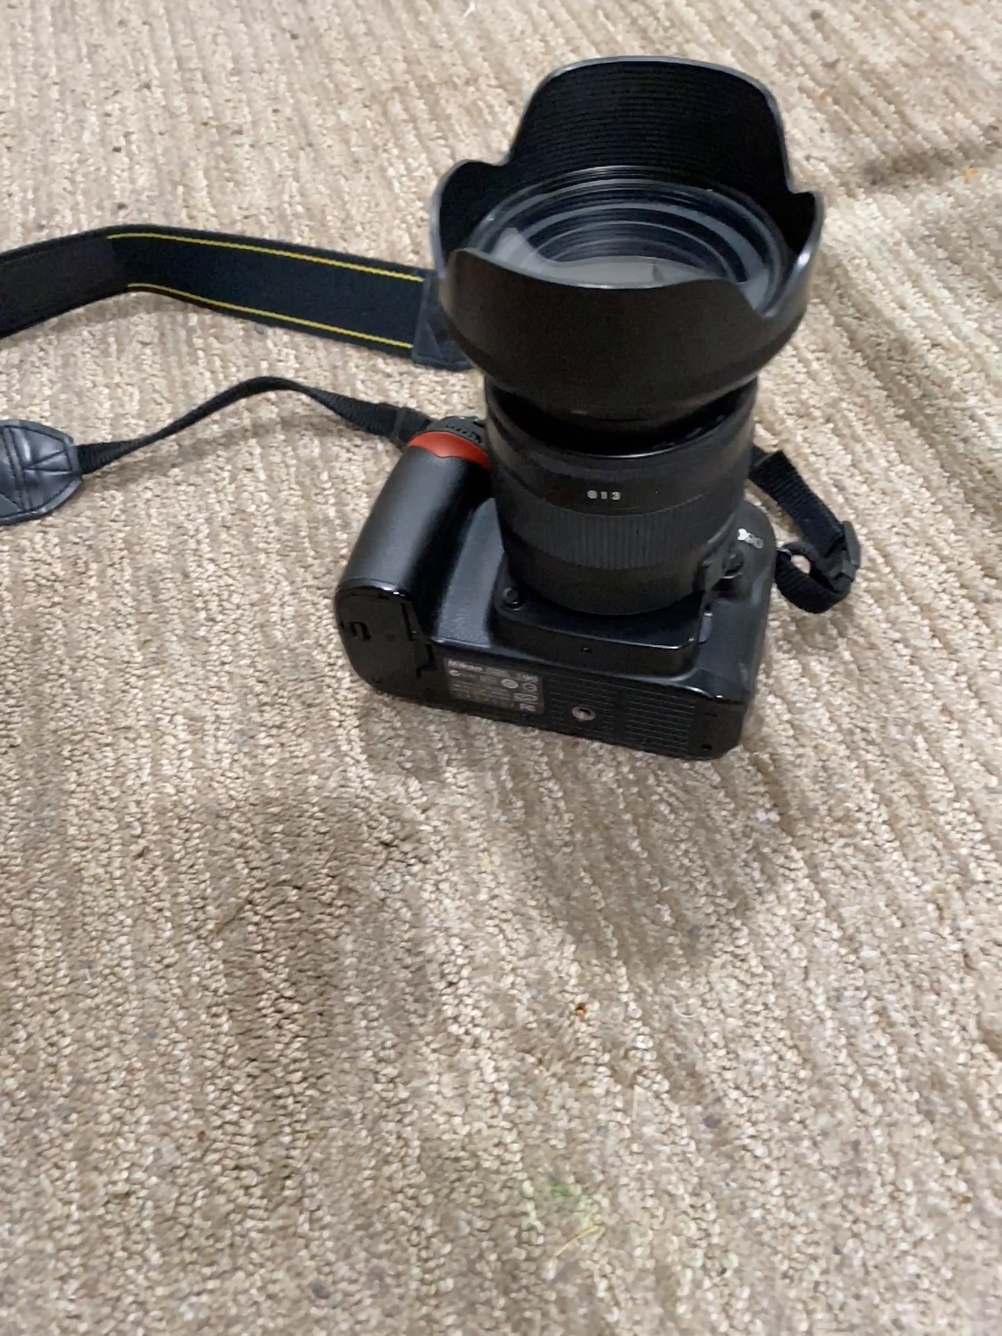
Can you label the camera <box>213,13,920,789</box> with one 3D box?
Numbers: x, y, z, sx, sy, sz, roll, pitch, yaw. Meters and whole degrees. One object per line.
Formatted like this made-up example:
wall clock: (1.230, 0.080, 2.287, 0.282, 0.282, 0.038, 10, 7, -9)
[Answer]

◇ ◇ ◇ ◇ ◇ ◇ ◇

WHAT YOU HAVE TO DO:
Copy from the line with "Formatted like this" to the final line of the records, inclusive, and add nothing else.

RESPONSE:
Formatted like this made-up example:
wall clock: (1.230, 0.080, 2.287, 0.282, 0.282, 0.038, 10, 7, -9)
[Answer]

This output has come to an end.